Abstract: Limited view tomographic reconstruction aims to reconstruct a tomographic image from a limited number of projection views arising from sparse view or limited angle acquisitions that reduce radiation dose or shorten scanning time. However, such a reconstruction suffers from severe artifacts due to the incompleteness of sinogram. To derive quality reconstruction, previous methods use UNet-like neural architectures to directly predict the full view reconstruction from limited view data; but these methods leave the deep network architecture issue largely intact and cannot guarantee the consistency between the sinogram of the reconstructed image and the acquired sinogram, leading to a non-ideal reconstruction. In this work, we propose a cascaded residual dense spatial-channel attention network consisting of residual dense spatial-channel attention networks and projection data fidelity layers. We evaluate our methods on two datasets. Our experimental results on AAPM Low Dose CT Grand Challenge datasets demonstrate that our algorithm achieves a consistent and substantial improvement over the existing neural network methods on both limited angle reconstruction and sparse view reconstruction. In addition, our experimental results on Deep Lesion datasets demonstrate that our method is able to generate high-quality reconstruction for 8 major lesion types.

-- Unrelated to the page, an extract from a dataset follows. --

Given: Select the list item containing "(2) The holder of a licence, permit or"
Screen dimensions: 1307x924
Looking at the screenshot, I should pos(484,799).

Link: https://ieeexplore.ieee.org/document/9380210
3 X. Wei, Z. Yang, X. Zhang, G. Liao, A. Sheng, S. Kevin Zhou, Y. Wu, L. Du, “Deep collocative learning for immunofixation electrophoresis image analysis,” IEEE Trans. on Medical Imaging, 2021.

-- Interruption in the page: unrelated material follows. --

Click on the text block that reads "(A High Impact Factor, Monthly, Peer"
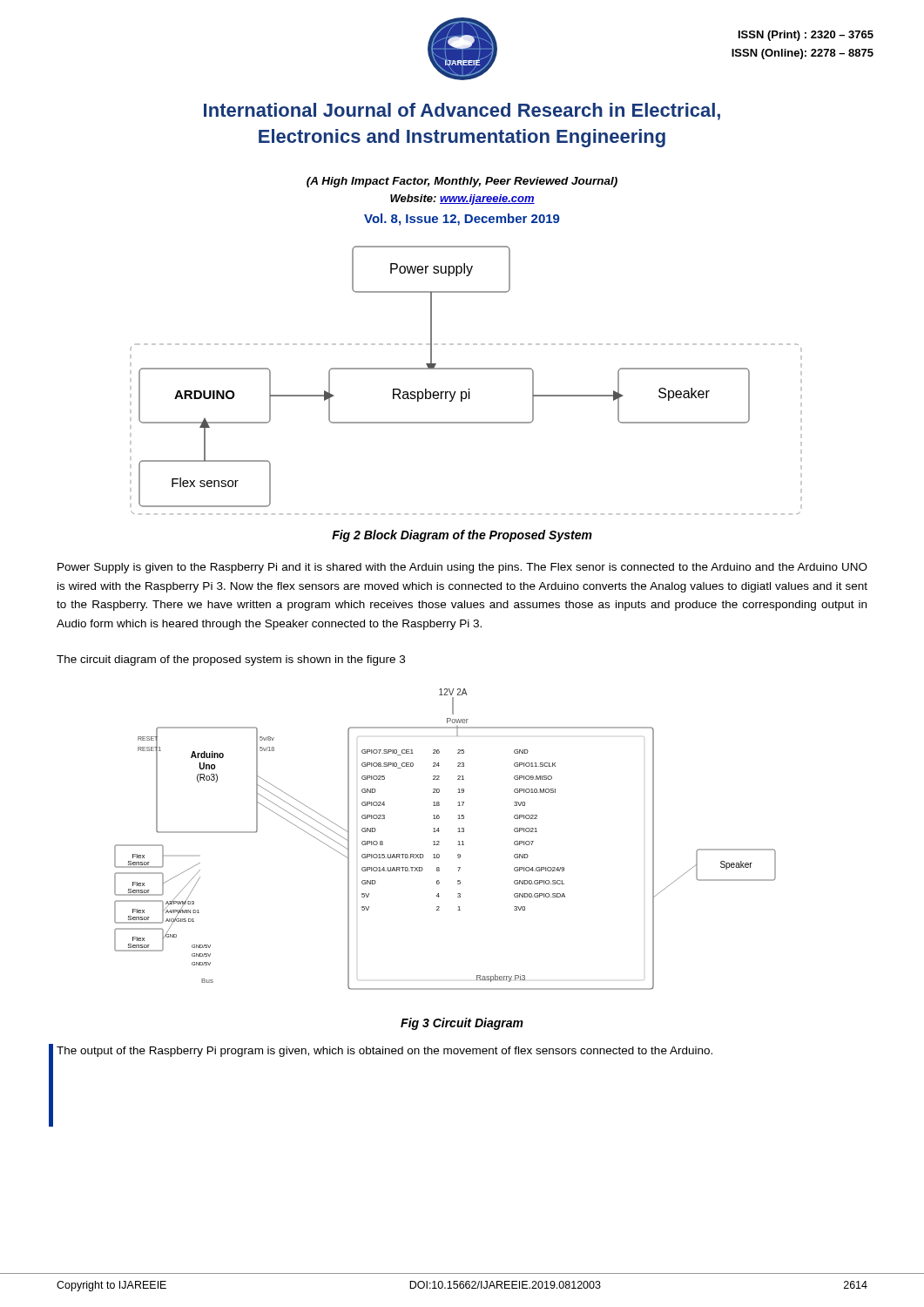924x1307 pixels. point(462,181)

Abstract: Immunofixation Electrophoresis (IFE) analysis is of great importance to the diagnosis of Multiple Myeloma, which is among the top-9 cancer killers in the United States, but has rarely been studied in the context of deep learning. Two possible reasons are: 1) the recognition of IFE patterns is dependent on the co-location of bands that forms a binary relation, different from the unary relation (visual features to label) that deep learning is good at modeling; 2) deep classification models may perform with high accuracy for IFE recognition but is not able to provide firm evidence (where the co-location patterns are) for its predictions, rendering difficulty for technicians to validate the results. We propose to address these issues with collocative learning, in which a collocative tensor has been constructed to transform the binary relations into unary relations that are compatible with conventional deep networks, and a location-label-free method that utilizes the Grad-CAM saliency map for evidence backtracking has been proposed for accurate localization. In addition, we have proposed Coached Attention Gates that can regulate the inference of the learning to be more consistent with human logic and thus support the evidence backtracking. The experimental results show that the proposed method has obtained a performance gain over its base model ResNet18 by 741.30% in IoU and also outperformed popular deep networks of DenseNet, CBAM, and Inception-v3.